Chinneck’s last project, “From the Knees of My Nose,” also employed surrealist imagery to memorable effect: an aging brick row house, one in a line of many, appeared almost inebriated, its manicured facade having come unhinged and slipped to the pavement. This wardrobe malfunction revealed the sorry state of the interiors, which had been left unattended for over a decade. It was funny, sad, and above all, impossible to miss.

In contrast, Chinneck describes “Miner on the Moon” as being “far subtler” than the visual slapstick of its predecessor. That is to say, you might walk right by the project and miss the joke. For his architectural illusion, Chinneck constructed a scaffold that he grafted onto the aging facade of the host building, a structure dating from 1780 and which once housed a livery stable. Using salvaged materials from nearby lots, he pieced together two new facades, each oriented 180 degrees from the sidewalk. They both painstakingly recreate the brickwork of older surrounding buildings, complete with flourishes typical of London infill architecture. There are skinny, arched windows, off-colored brick lintels, and vintage signage, the latter bearing the name of a local firm founded in 1876.

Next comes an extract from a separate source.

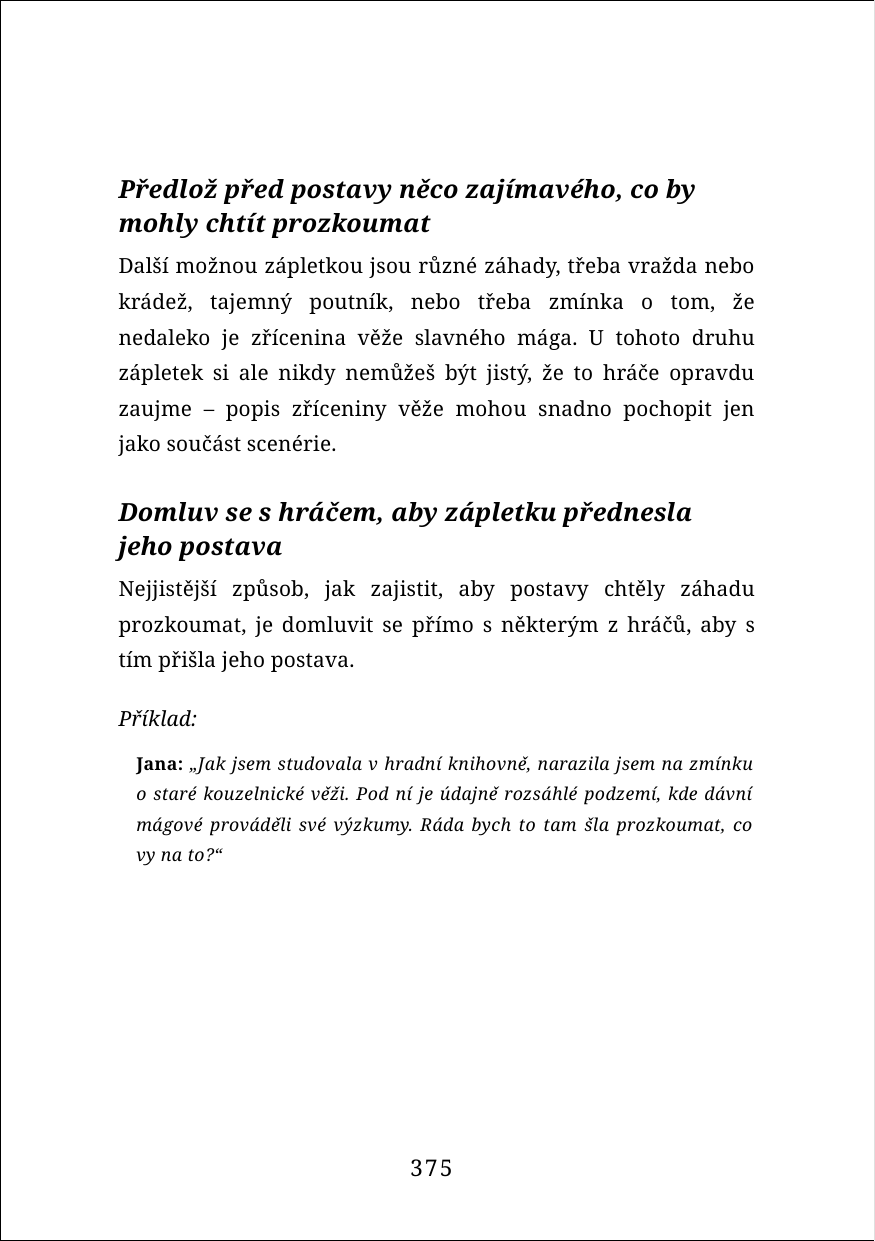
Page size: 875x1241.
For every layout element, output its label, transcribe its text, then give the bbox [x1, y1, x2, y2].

The project attached a brick veneer to an older structure that dates from 1780.

All these details help root the installation to the site, and apart from a lime-green drain pipe running along the length of the facade, it seems to blend into the streetscape. The bombast is dialed way down, so that the structure—a portion of which is inexplicably suspended several feet off the ground—becomes almost contextual. This was precisely Chinneck’s aim: as he explains, “by using the material and architectural language of the district, the artwork has the ability to disappear into its environment without dominating it.”

“Public sculpture,” Chinneck says, “has a tendency to forget its responsibility to the public so I attempt to make work that is free from intellectual elitism.”